[Opening DATA TO USE section]
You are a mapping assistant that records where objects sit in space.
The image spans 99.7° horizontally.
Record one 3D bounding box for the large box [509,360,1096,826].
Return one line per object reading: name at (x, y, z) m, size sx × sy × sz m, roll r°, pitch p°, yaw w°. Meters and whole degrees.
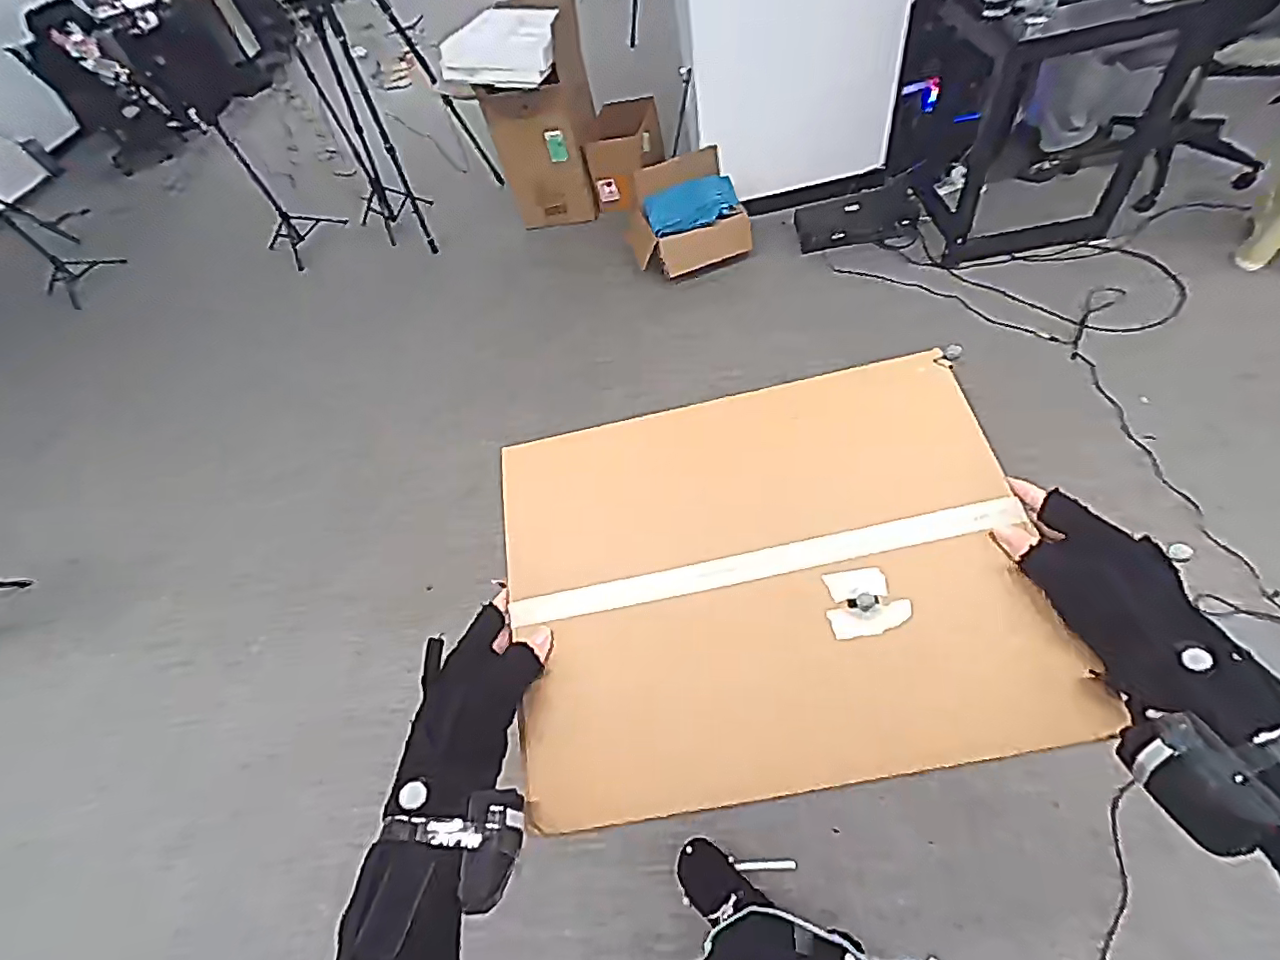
large box at (0.115, 0.131, 0.575) m, size 0.408 × 0.320 × 0.320 m, roll -13°, pitch 65°, yaw 4°
[Closing DATA TO USE section]
§ EXERCISE OBJECTIVE:
Copy out the lines above unchanged. Skip the images.

§ SOLVED EXERCISE:
You are a mapping assistant that records where objects sit in space.
The image spans 99.7° horizontally.
Record one 3D bounding box for the large box [509,360,1096,826].
Return one line per object reading: name at (x, y, z) m, size sx × sy × sz m, roll r°, pitch p°, yaw w°. Meters and whole degrees.
large box at (0.115, 0.131, 0.575) m, size 0.408 × 0.320 × 0.320 m, roll -13°, pitch 65°, yaw 4°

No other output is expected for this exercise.